__WORK ITEM__
The records appear below. Report how many of their lines contain the word "Lengths", giving the number alone.
---------- DATA ----------
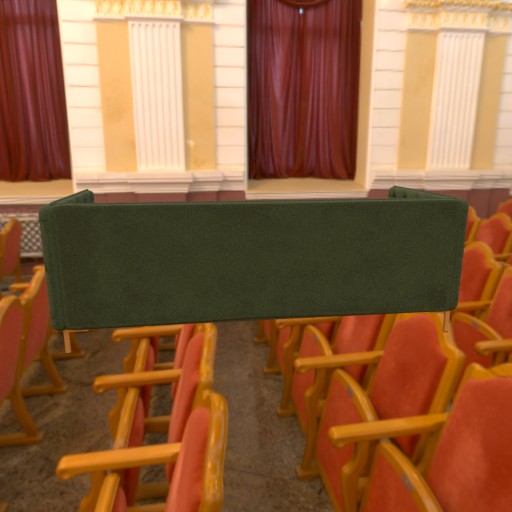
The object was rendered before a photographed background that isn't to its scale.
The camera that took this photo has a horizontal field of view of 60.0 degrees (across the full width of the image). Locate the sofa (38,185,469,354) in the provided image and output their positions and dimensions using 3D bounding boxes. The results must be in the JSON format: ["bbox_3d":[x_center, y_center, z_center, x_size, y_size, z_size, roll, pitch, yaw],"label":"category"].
[{"bbox_3d":[0.000,0.000,2.695,2.209,0.771,0.895,-2,14,-7],"label":"sofa"}]
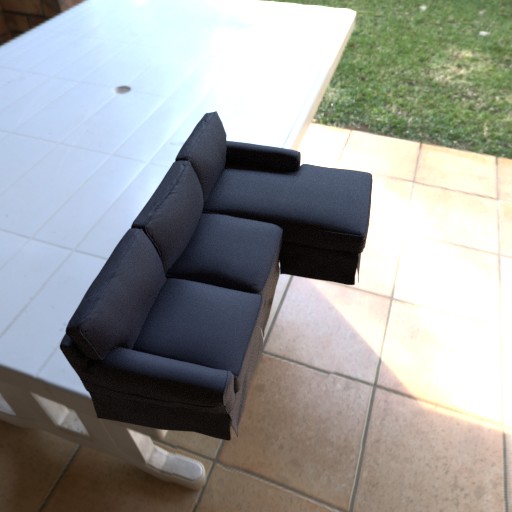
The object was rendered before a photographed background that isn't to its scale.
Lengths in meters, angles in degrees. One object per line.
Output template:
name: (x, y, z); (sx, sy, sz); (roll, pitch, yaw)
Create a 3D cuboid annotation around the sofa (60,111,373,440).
sofa: (0.000, 0.000, 3.334); (1.637, 1.039, 2.518); (10, 47, 10)
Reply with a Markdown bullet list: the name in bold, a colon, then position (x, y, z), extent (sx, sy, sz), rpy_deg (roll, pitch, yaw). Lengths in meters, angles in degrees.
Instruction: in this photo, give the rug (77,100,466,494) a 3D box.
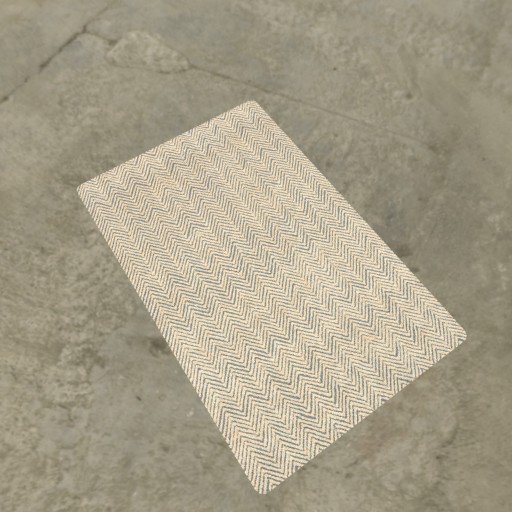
----------
__YOUR SOLUTION__
2